= Julius J. Radice =

American physician and athlete (1908–1966)

Dr. Julius John Radice (1908 - 1966) was an American physician and athlete. He played college football, basketball, and baseball at the University of Maryland. Radice was inducted into the University of Maryland Athletic Hall of Fame in 1982.

==Biography==
Radice was born in 1908 in Washington, D.C., and attended the University of Maryland, where he played as a second and first baseman on the baseball team, and as a fullback and halfback on the football team. Radice graduated from the University of Maryland with an A.B. degree in 1930. He earned a medical degree from the George Washington University Medical School in 1935. Radice was a member of Sigma Nu.

During his time at Maryland, Radice earned four letters in baseball, three in football, and one in basketball.

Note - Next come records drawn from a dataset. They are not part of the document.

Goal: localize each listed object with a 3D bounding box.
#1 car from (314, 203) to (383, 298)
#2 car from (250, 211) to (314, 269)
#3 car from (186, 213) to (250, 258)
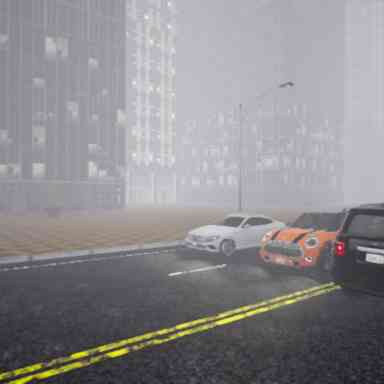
[{"bbox_3d":[5.357,1.275,7.447,5.566,2.045,2.150,0,0,-37],"label":"car"},{"bbox_3d":[4.355,1.416,11.037,4.553,1.767,2.097,0,0,-37],"label":"car"},{"bbox_3d":[1.942,1.589,13.276,4.674,1.442,1.812,0,0,-37],"label":"car"}]
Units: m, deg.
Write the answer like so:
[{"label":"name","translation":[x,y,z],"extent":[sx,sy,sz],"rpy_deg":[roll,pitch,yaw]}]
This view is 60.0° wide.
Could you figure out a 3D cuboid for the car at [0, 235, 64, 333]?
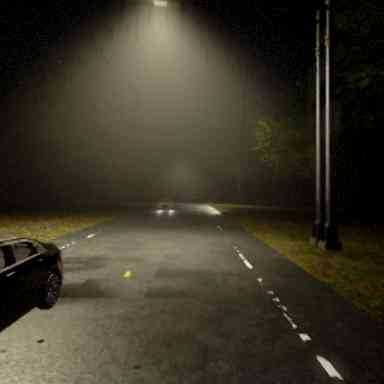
[{"label":"car","translation":[-3.600,1.491,5.070],"extent":[2.128,1.511,4.902],"rpy_deg":[0,0,0]}]

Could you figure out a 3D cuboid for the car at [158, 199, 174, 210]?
[{"label":"car","translation":[-3.596,1.691,46.402],"extent":[1.882,1.535,5.008],"rpy_deg":[0,0,0]}]

In the 1928 basketball game against , the "individual brilliance" of reserves Radice and Thurston Dean helped Maryland to a 37-7 victory over, in which the opponent was held to a single field goal. Radice scored a game-high of 10 points. Two seasons later, Radice again starred against the Wildcats in a 26-21 loss. Atlanta sportswriter Morgan Blake wrote, "the Maryland Old Liners ... had a fine sharpshooter, named Berger, and the slickest passing gentleman we have seen in may days in a heavy-set chap named Radice. Mr. Radice was somewhat of a magician. He would look one way and pass another. And his passes were like Dazzy Vance's speed ball."

For his style of play on the gridiron, Radice was called a "heavy plunging back" and a "clever defensive full". In the 1929 game against Yale, Radice and George Madigan, "a pair of burly defense men, did most Maryland's tackling in the first half", which The New York Times credited with keeping the Eli's lead to a surmountable 13-0. The Old Liners tied the score in the second half behind George V. Chalmers passes to Bosey Berger and secured a 13-13 upset against the period powerhouse. After the season, Radice was invited to play in the New Year's Day Southern Conference all-star game at Grant Field in Atlanta.

He was inducted into the University of Maryland Athletic Hall of Fame in 1982. His son, Peter Radice, played football at Yale in 1967.